Documentaries not only expand my world views, but also compel me to change my behavior for a solid 24-36 hours.
Practice self-care like a lighthouse, let your problems crash all around you but avoid it by gazing mindlessly off into the distance.
Good vacation so far, aside from the faceless man telling us “You will never leave this island.”
I hate when things are inscrutable. just wanna scrute ‘em so BAD.
Me: You a good personal trainer?
Him: You bet your emotionally distant dad I am.
Me: [through tears] Wow, that’s personal. You’re hired.
My daughter wrote a story at school about a sad cat that drinks cocktails so I should probably call her teacher
I created a series of recipes that cause diarrhea. I call them cleanses. It’s all about branding.

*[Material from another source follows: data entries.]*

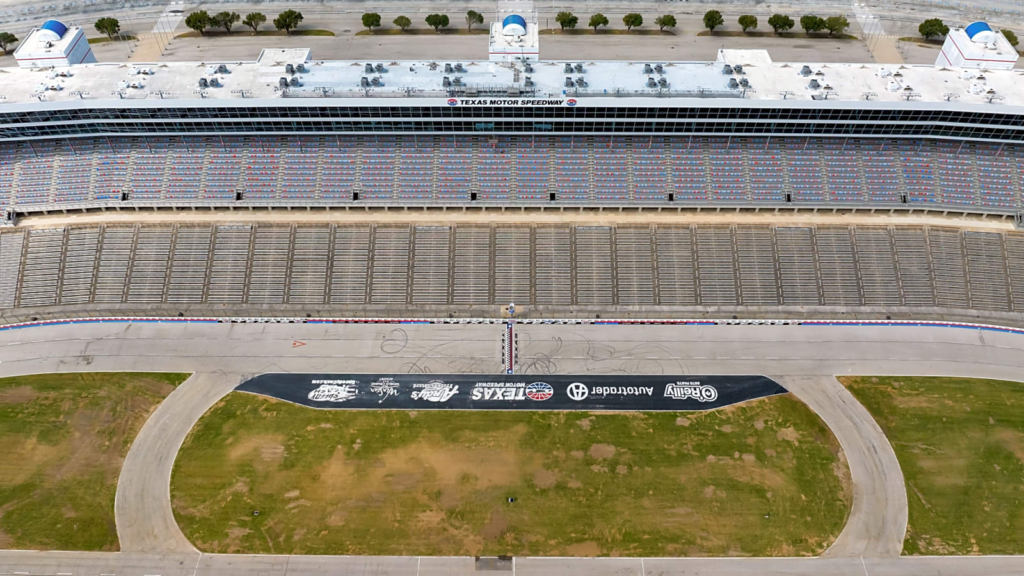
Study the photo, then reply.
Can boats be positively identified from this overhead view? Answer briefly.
No
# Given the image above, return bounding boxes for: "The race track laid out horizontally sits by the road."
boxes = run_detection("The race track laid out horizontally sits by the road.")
[0,322,1024,381]
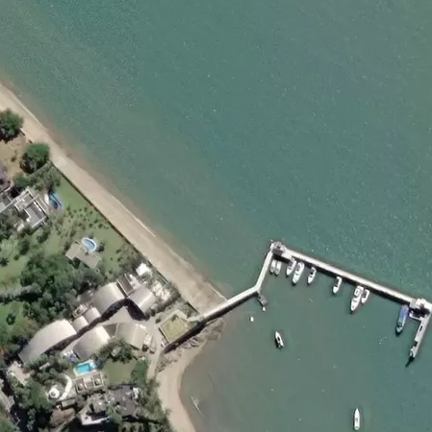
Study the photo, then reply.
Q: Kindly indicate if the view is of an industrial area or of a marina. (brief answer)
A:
marina
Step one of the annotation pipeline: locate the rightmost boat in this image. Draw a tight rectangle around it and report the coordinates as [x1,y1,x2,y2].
[397,305,409,333]
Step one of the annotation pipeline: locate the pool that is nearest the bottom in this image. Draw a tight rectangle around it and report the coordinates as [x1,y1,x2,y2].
[73,360,96,377]
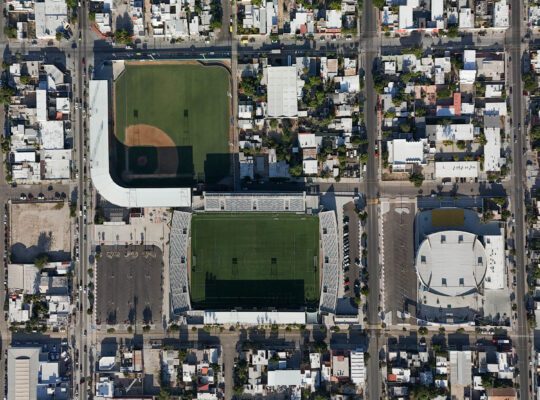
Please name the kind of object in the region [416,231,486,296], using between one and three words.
stadium
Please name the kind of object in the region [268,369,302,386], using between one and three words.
building
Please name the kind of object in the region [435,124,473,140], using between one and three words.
building
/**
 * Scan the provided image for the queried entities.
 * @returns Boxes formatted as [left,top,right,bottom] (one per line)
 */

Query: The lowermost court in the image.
[432,210,464,226]
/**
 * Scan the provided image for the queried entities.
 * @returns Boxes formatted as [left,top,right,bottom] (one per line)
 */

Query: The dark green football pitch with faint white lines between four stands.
[187,212,323,310]
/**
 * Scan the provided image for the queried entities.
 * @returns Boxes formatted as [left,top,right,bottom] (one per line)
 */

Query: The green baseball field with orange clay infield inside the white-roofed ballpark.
[112,61,232,186]
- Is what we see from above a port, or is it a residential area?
residential area
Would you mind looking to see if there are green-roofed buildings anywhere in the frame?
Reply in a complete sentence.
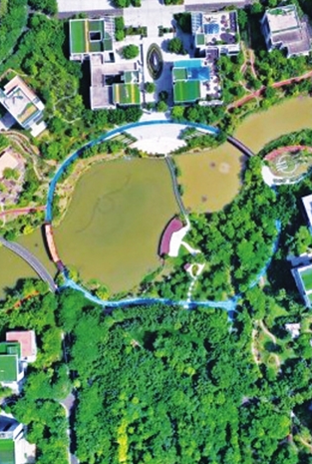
Yes, looking at the shot, I can spot a green-roofed building.
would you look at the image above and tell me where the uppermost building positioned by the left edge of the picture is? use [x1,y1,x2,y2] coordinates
[0,76,48,138]
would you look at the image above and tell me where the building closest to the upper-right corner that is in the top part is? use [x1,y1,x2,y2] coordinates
[261,4,312,61]
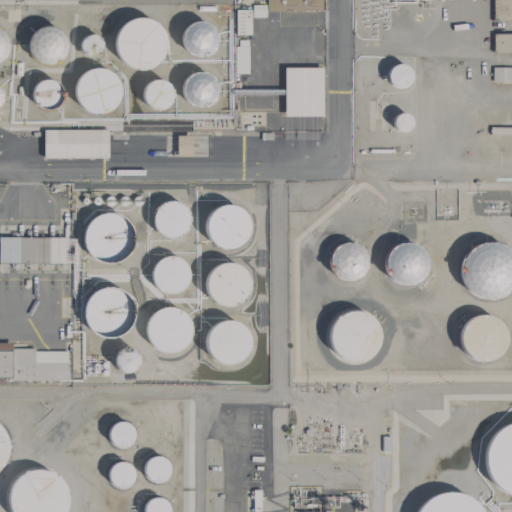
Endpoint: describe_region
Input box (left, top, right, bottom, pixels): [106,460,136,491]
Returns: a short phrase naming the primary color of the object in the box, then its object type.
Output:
white storage tank
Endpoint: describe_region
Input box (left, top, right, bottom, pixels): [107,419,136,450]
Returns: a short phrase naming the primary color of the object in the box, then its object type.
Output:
white storage tank
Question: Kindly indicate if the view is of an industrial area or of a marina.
industrial area
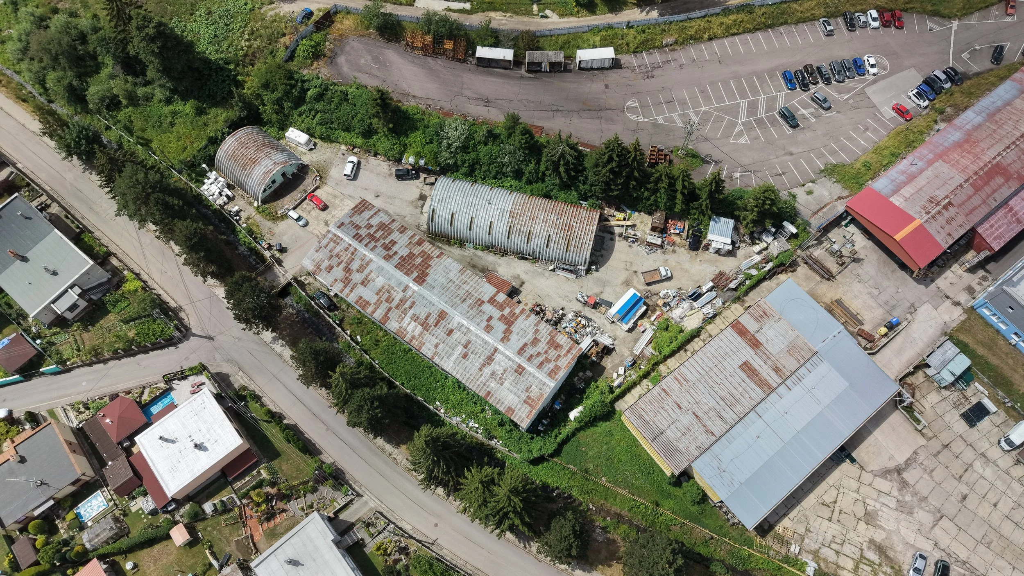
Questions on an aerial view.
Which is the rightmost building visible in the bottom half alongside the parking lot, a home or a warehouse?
warehouse
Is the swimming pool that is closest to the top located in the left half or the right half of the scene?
left
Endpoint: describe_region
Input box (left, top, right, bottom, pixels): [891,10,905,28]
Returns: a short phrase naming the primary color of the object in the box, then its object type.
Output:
red car
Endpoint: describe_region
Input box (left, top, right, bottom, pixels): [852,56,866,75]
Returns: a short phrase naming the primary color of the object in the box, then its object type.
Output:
blue car
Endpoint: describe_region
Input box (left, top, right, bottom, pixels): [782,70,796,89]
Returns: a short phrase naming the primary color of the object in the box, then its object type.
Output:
blue car
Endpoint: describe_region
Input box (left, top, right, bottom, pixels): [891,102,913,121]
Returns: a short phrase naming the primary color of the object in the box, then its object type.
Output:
red car
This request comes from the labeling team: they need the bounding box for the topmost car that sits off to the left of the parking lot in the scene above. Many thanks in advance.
[295,5,314,25]
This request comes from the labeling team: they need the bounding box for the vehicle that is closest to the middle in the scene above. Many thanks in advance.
[578,291,611,310]
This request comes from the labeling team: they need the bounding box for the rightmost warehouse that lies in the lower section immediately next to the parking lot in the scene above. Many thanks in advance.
[618,278,900,531]
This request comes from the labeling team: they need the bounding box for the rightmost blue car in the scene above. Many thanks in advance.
[915,82,937,101]
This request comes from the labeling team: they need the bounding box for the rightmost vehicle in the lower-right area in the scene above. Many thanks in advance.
[997,425,1024,452]
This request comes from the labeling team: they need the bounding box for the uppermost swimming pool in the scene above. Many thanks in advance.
[140,391,177,421]
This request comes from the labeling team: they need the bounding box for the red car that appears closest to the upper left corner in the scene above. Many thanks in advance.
[305,193,326,212]
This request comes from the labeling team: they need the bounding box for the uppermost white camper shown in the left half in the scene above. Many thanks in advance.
[283,125,316,151]
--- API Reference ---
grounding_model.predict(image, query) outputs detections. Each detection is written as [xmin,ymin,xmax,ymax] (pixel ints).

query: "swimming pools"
[74,491,108,523]
[140,391,177,421]
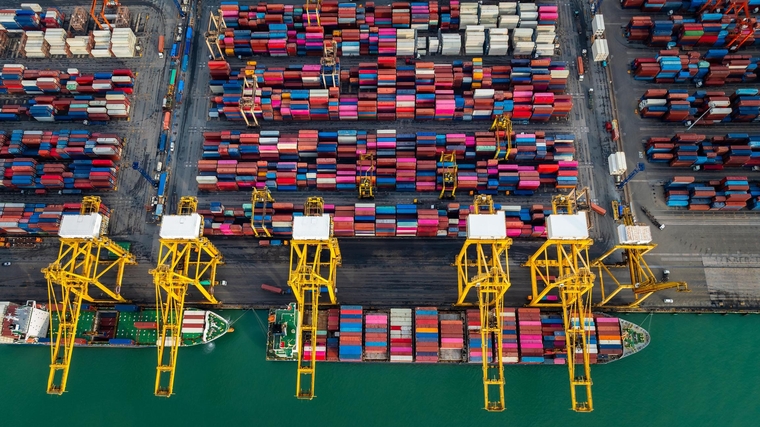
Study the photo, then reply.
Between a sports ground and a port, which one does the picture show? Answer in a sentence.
What you see here is a port.
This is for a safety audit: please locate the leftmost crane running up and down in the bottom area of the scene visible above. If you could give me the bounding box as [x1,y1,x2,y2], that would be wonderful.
[45,192,140,396]
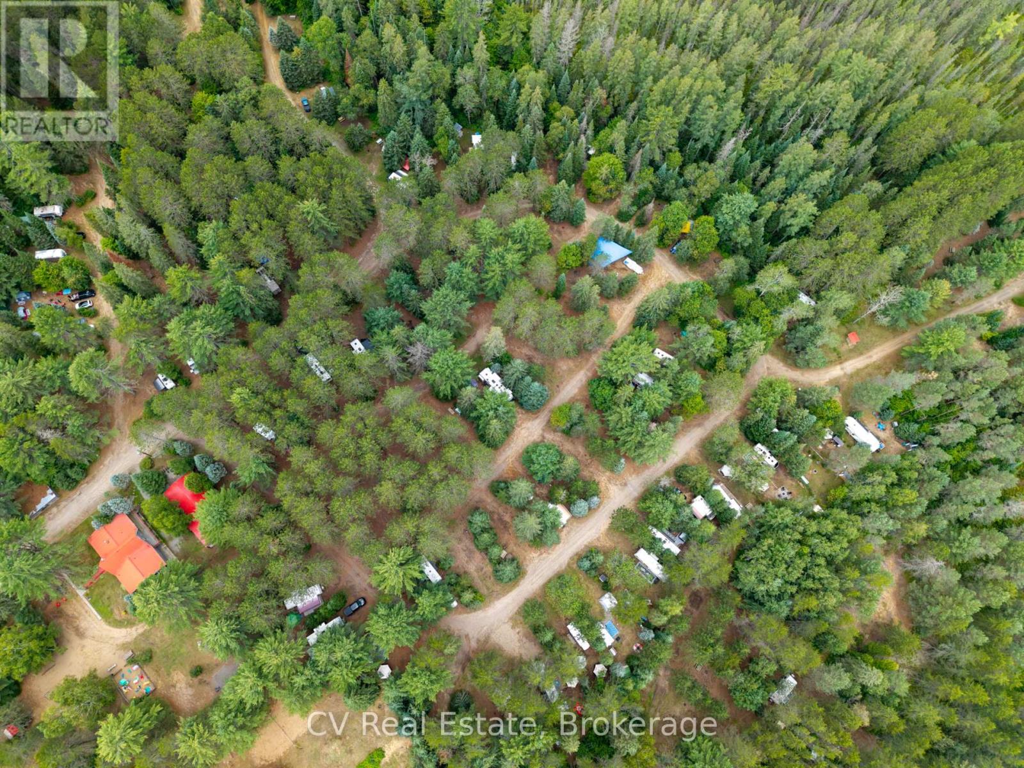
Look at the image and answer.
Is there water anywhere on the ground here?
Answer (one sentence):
No, water can't be seen anywhere here.
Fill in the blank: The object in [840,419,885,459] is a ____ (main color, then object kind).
white trailer
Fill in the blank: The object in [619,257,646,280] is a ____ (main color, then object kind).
white camper
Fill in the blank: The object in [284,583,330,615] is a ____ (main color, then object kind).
white trailer
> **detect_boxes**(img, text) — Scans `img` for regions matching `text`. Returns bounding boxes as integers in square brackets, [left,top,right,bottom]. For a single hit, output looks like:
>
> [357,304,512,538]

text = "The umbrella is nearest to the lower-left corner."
[286,611,301,626]
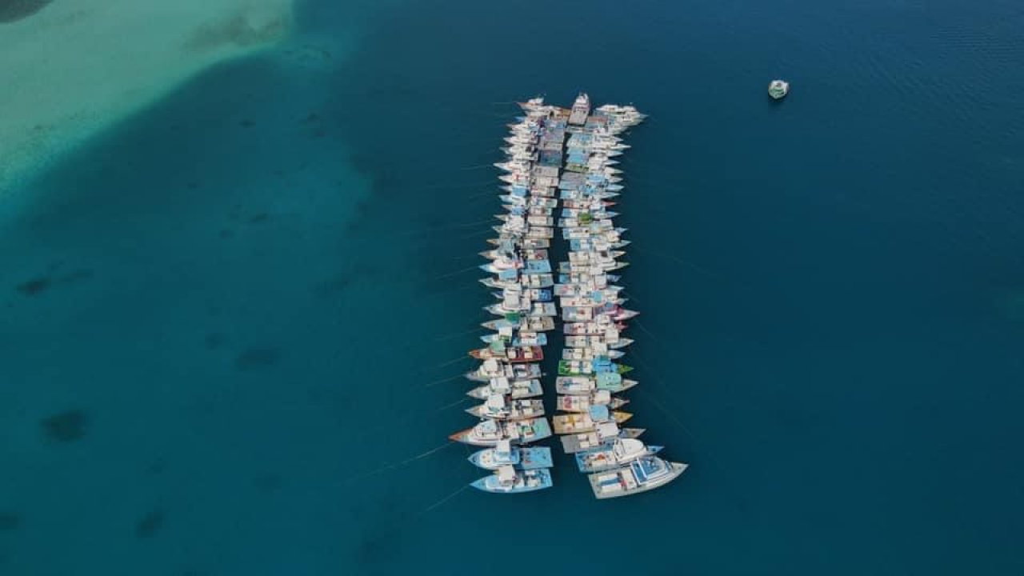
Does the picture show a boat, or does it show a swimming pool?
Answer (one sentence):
I can see a boat in this picture.
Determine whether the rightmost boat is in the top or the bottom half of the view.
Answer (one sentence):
You can find the rightmost boat in the top half.
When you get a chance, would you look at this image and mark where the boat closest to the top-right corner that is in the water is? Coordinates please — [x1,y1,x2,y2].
[768,76,788,103]
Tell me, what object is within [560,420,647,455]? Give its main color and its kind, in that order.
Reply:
white boat
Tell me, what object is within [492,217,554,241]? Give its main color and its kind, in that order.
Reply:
white boat
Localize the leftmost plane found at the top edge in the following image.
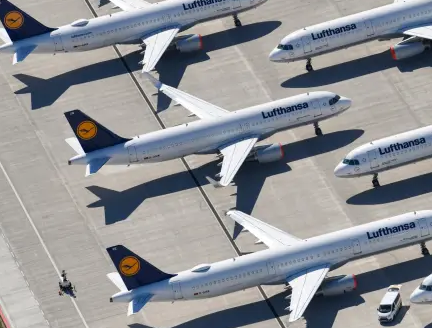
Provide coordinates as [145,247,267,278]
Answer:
[0,0,264,75]
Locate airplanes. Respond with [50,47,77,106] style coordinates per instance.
[65,71,351,188]
[0,0,264,75]
[332,125,432,187]
[268,0,432,72]
[106,210,432,327]
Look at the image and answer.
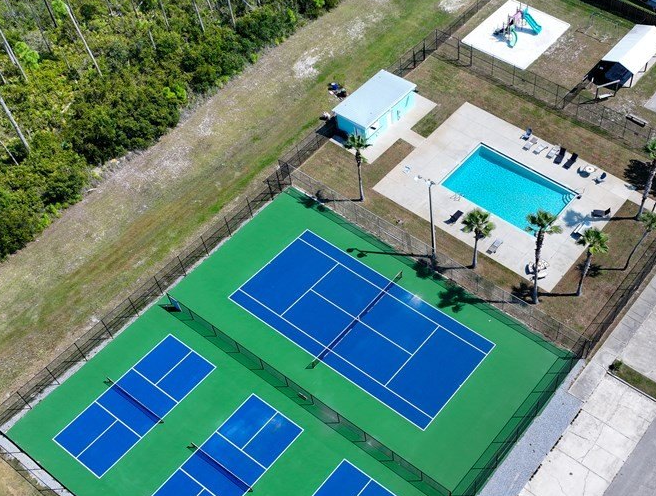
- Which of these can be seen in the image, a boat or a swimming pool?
swimming pool
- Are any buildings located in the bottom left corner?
No
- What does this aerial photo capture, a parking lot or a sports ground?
sports ground
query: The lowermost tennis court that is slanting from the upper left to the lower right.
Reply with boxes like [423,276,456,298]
[161,186,580,496]
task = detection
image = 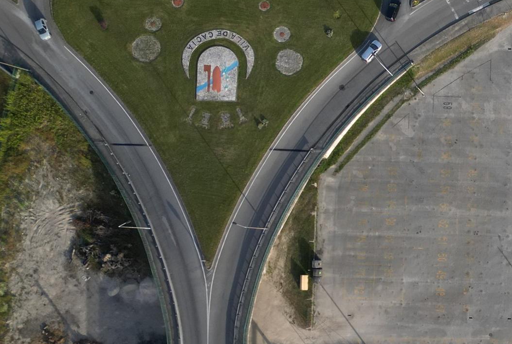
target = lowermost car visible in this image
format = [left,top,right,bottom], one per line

[359,38,383,63]
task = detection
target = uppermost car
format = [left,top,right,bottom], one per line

[384,0,398,23]
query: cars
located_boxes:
[359,38,383,63]
[31,15,49,39]
[384,0,398,23]
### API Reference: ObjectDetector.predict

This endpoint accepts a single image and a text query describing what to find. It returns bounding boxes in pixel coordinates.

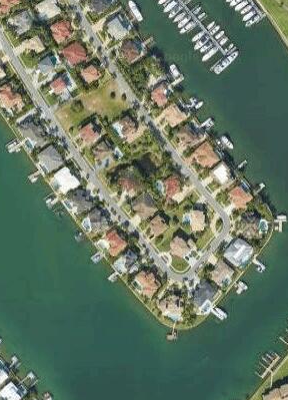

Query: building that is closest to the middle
[129,191,158,220]
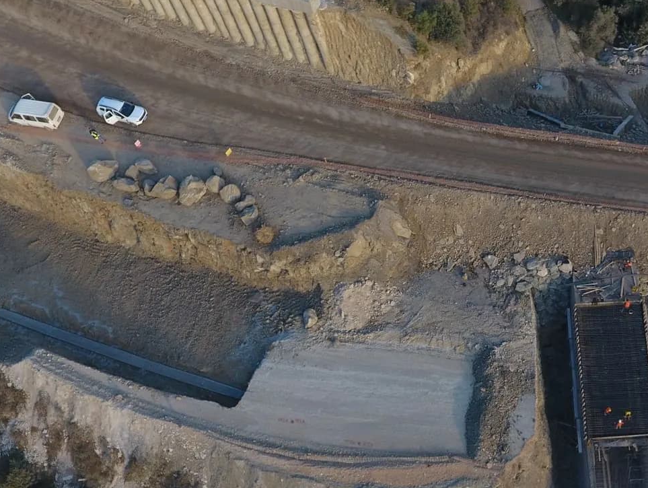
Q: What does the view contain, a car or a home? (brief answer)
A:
car
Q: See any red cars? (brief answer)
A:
No
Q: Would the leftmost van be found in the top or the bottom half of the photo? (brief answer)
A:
top
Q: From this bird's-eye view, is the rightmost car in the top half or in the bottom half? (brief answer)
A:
top
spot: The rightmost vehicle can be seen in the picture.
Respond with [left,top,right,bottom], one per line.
[97,97,147,126]
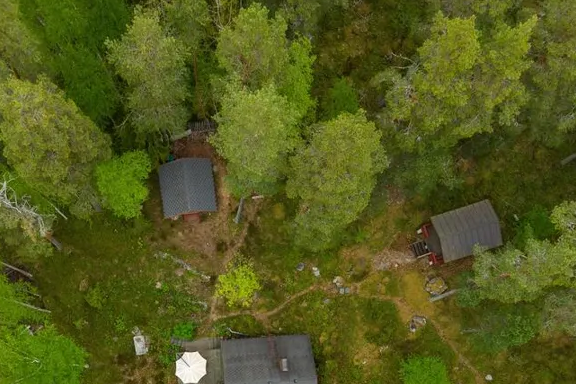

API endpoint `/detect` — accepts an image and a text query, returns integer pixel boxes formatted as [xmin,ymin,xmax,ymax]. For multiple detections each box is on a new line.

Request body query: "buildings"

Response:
[406,199,503,266]
[221,333,318,384]
[160,158,217,225]
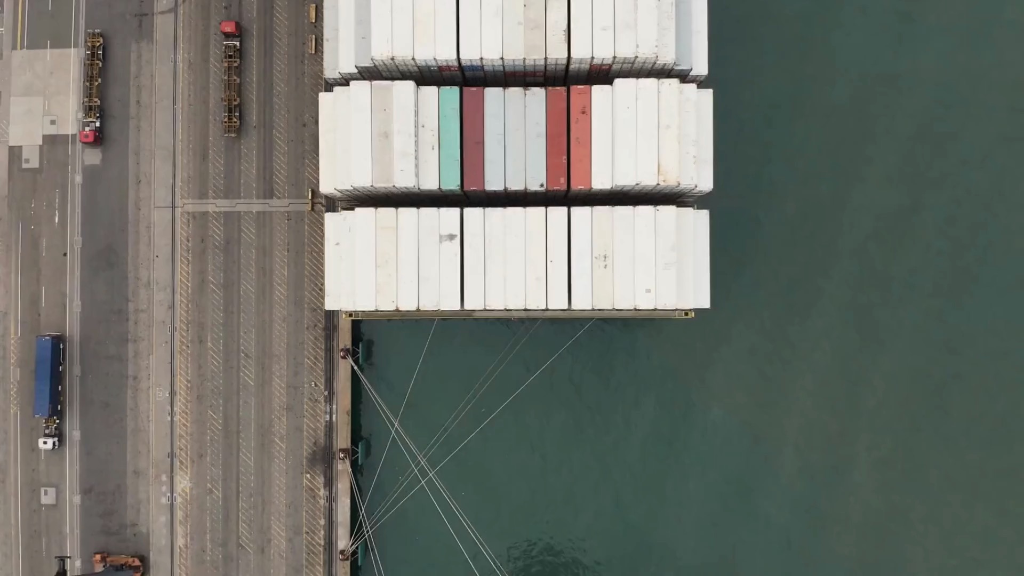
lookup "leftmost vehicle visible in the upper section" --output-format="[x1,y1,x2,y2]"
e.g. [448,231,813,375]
[78,31,102,144]
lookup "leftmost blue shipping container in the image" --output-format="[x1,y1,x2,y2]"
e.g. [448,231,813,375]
[34,335,60,417]
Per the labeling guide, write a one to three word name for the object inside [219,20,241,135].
truck
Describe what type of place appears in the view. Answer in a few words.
port
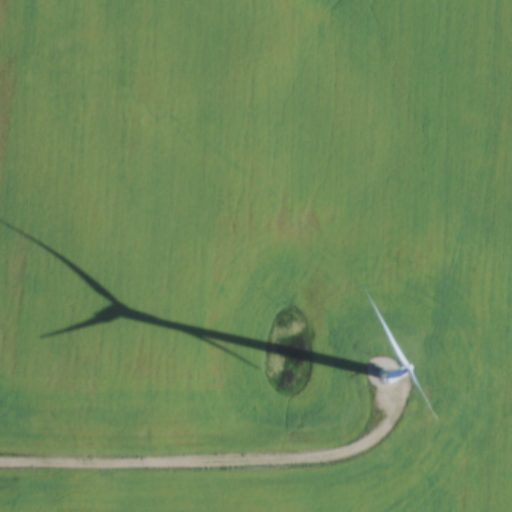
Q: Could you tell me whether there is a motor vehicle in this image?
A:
No
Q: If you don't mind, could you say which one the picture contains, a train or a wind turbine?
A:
wind turbine
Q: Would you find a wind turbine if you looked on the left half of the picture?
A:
No
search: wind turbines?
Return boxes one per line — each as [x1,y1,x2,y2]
[370,296,438,420]

This is going to be a meme FOREVER:
love the comedy trope when someone is fired and they turn in their gun for a position that doesnt require one
[I see a bug outside] Nature is marvelous
[I see a bug inside] This must be the deliverer of my death
Parent teacher conferences in college:
Mom: how’s my son doing?
Prof: I’ve never seen this man in my life
*laughs all the way to the bank*
*cries all the way back*
Every time we take our dog to obedience school I can’t help but think about everything that we did wrong when we were training our kids.
My friend thinks her husband is cheating on her. I don’t have the heart to tell her he’s just out chasing Pokemon.